Professor Michael McBride: Yeah, but you don’t care. This is just to show the configuration, right? When you do that rotation, yeah, these will do the other. But the point is that Fischer’s structure was right, with respect to each carbon, about what’s going which way, which tetrahedron it is. Okay, so that’s fine. And then Bijvoet wrote, or in the same paper he wrote: “The question of nomenclature is beyond the scope of our investigation.” (He’s just doing the X-ray to find out which way it is.) “The problem of nomenclature now concerns given configurations” (now you know which one it is you want to show) “and requires a notation which denotes these configurations in an unambiguous and if possible self-explanatory way.” So you don’t need to know how it was synthesized or anything. Now you know how it really is — right? — what name are you going to give to it so people can know, just from the name, which way it is.

Now, this is related to the idea of naming configurations involving double bonds. So we’re going to first show you how you do that — which actually came second — and then we’ll go back to see how they named the configuration at a tetrahedral carbon. So malic acid, from apples, has that structure shown, and if you heat it you lose water and get a double bond. But you get two isomers, maleic and fumaric acids. And you’ll remember we showed that before, that van’t Hoff made those with his models. And one of them has the two COHs near one another and one has them farther from one another. And we can draw them that way as well; near on the left and far on the right. And if you heat these molecules further, the one on the left can lose water and form an anhydride, but not the one on the right. Why not the one on the right? It’s pretty obvious. Russell?

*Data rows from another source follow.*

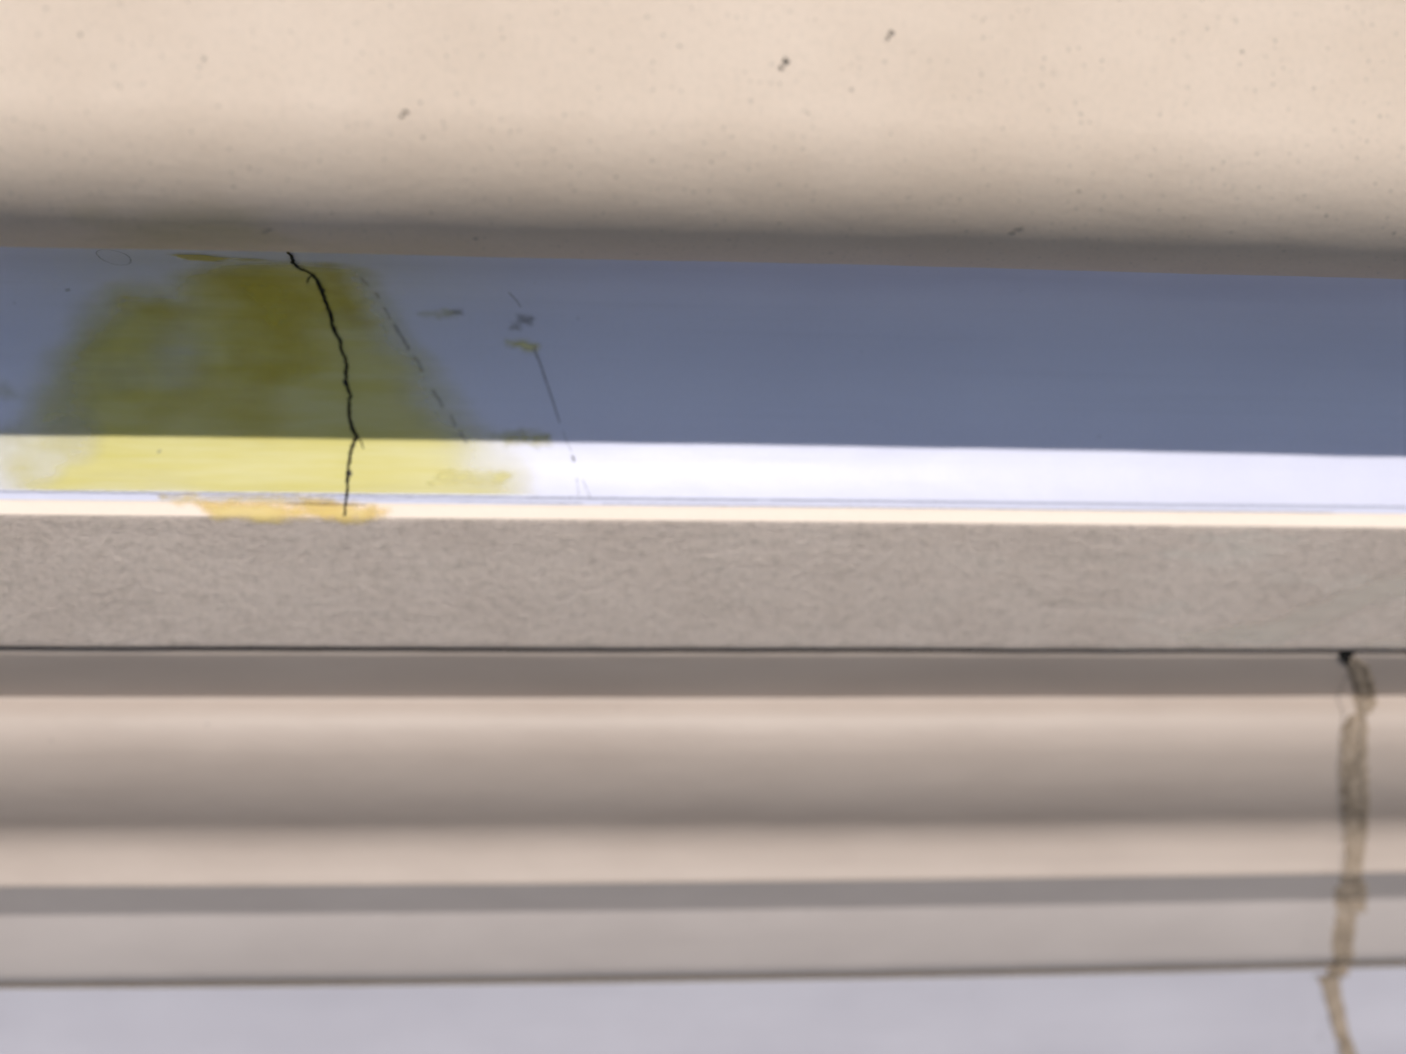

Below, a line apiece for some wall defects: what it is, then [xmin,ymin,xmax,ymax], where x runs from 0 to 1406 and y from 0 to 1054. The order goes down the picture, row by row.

leakage [39,255,508,523]
crack [286,252,366,516]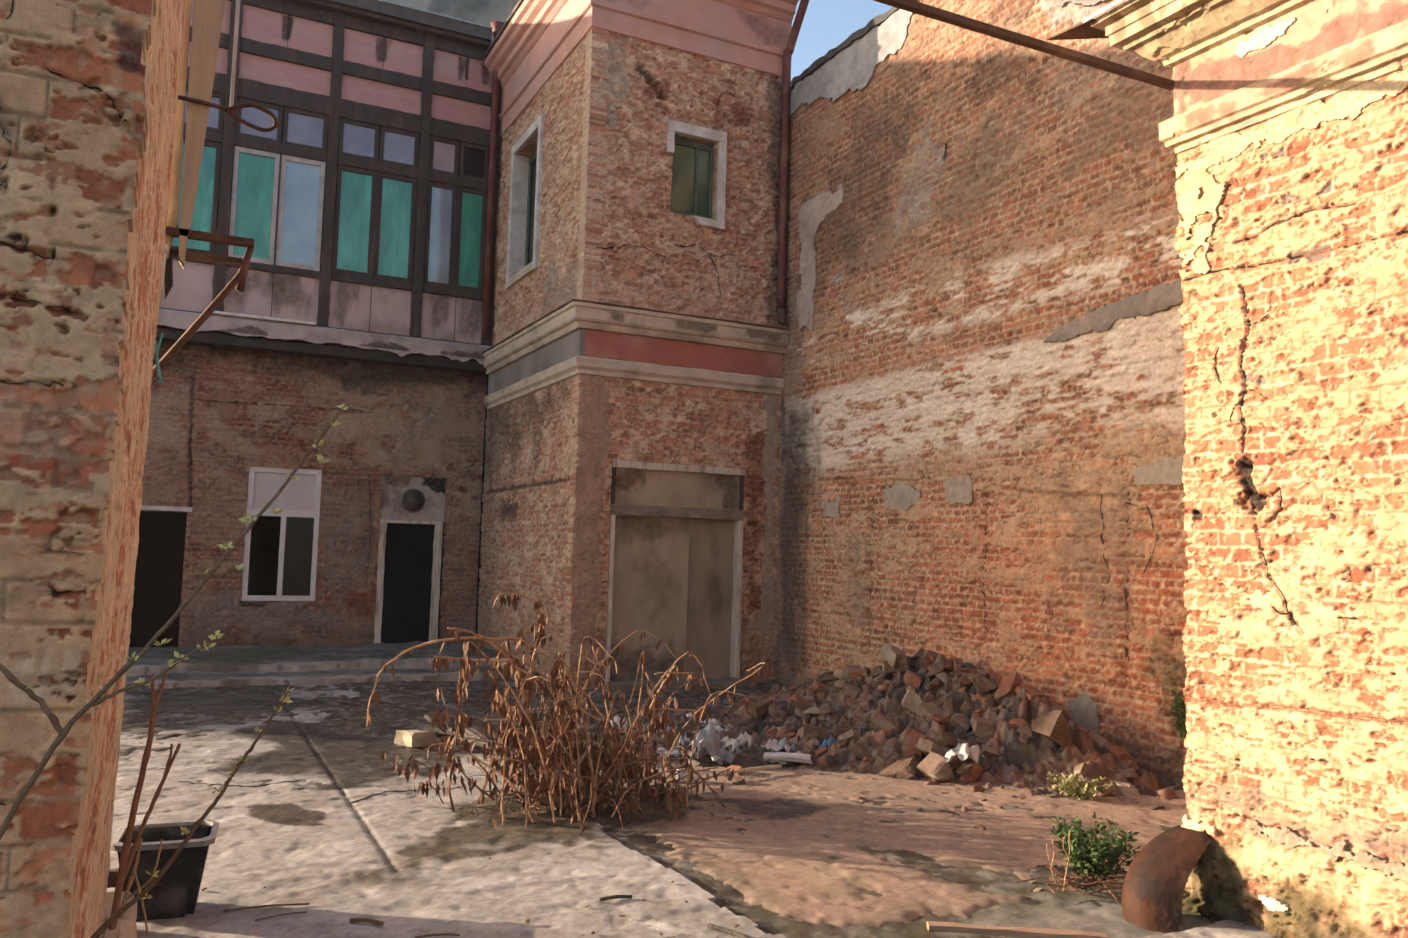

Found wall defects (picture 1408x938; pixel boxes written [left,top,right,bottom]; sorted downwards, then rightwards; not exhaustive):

peeling [1173,0,1408,127]
crack [46,68,126,122]
crack [0,241,55,259]
crack [0,379,82,387]
crack [1184,203,1408,631]
peeling [1132,456,1184,486]
peeling [882,481,922,511]
peeling [944,477,975,505]
crack [44,589,86,597]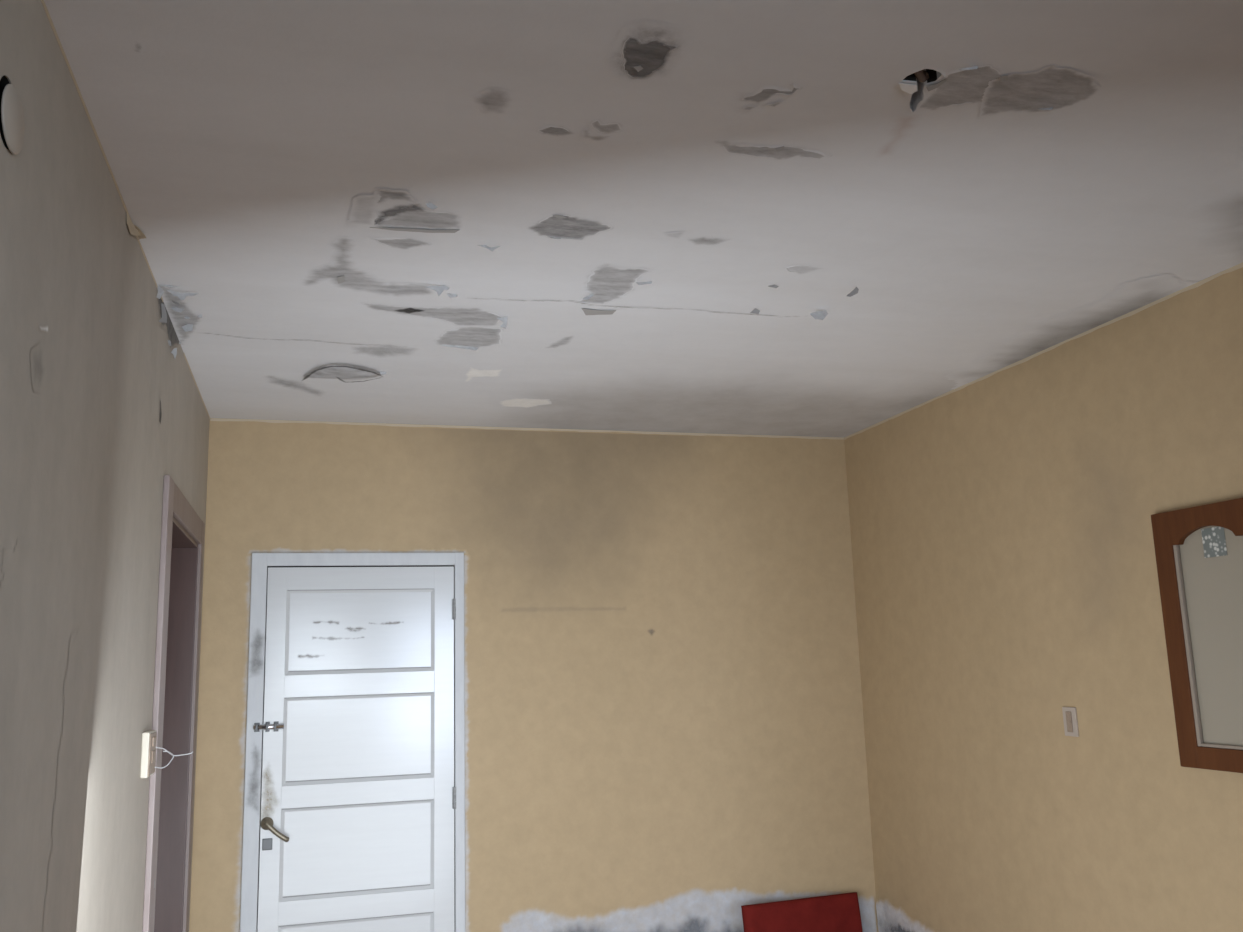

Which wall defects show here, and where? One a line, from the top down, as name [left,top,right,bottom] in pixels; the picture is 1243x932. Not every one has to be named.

peeling [604,20,689,83]
peeling [737,83,805,111]
peeling [896,63,1101,117]
peeling [534,118,626,142]
peeling [712,139,834,161]
peeling [525,213,616,241]
peeling [300,188,508,350]
peeling [576,263,655,315]
flaking render [156,283,203,358]

Student: They’re too far apart.

Professor Michael McBride: They’re too far apart. So you know which one they’re close together and which one they’re far apart. So that experiment proves which is which. It’s not as hard as the case of the right and left-hand, where you had to do this very special X-ray technique. So it was known that maleic acid was the one that can form an anhydride, and therefore had them on the same side. And that was called cis, meaning on this side of, and the other one was called trans, across. So that was a perfectly good nomenclature for those two isomers of the dehydrated malic acid. Maleic was cis and fumaric acid was trans. So these names were used for a very long time, but they weren’t really good names. And the reason, you can see, by looking at this molecule. Is this one, would you call it cis or trans? Same side or opposite side? Andrew, what do you say?

Student: I don’t know.

Professor Michael McBride: Next Andrew. This is our nomenclature problem.

Student: I think trans.

Professor Michael McBride: Would you call it trans, you say?

Student: I would probably call it —

Professor Michael McBride: This one here.

Student: Okay, that one, I would call it cis.

Professor Michael McBride: Why?

Student: Because of the CH3’s.

Professor Michael McBride: Because the CH3’s are next to one another. So you might call it cis. On the other hand, if you wanted to say how this end is related to the acid, you’d say it’s trans, right? So that means it’s — as an absolute nomenclature, it’s very hard to generalize this because you have to know which one you’re picking, to say it’s cis or trans. It’s fine to talk about the relative configuration, to say the methyl on the left is cis to the methyl on the right, or to say the methyl on the left is trans to the COOH. That’s fine. But as to whether to say the molecule itself is cis or trans, you have to know which one you’re talking about, on the right. So that’s another thing where you’re going to have to have some convention or something. And the way people decided to do it was this. You assign the groups at each end, take one end and then the other end of the double bond, and assign priority. So you say we’re going to give higher priority to one group or the other, and that’s the one we’re going to use for the name. So on what basis might you assign a priority to a group; to say which group has higher priority, CH3 or H? Which one do you think should have higher priority?

Students: CH3.

Professor Michael McBride: CH3, okay. How about on this end, CH3 or COOH, which should have higher priority?

Students: COOH.

Professor Michael McBride: Why?

Student: It’s heavier.

Professor Michael McBride: It’s heavier. Okay. Now let’s think about how that is going to work out. So we’ll assign them by atomic number; or atomic weight, if we have two that are different isotopes of one another. Right? But we won’t sum up the atomic numbers of all the groups that are in that; that is, we won’t sum up C and O, and O and H, and C and 3 Hs. Why not sum them all up and then see which one has higher total atomic number? What’s wrong with that? Perfectly well-defined.

Student: It’s tedious.

Professor Michael McBride: It’s tedious, it’s cumbersome, to have to add it all up. So what rule are you going to do?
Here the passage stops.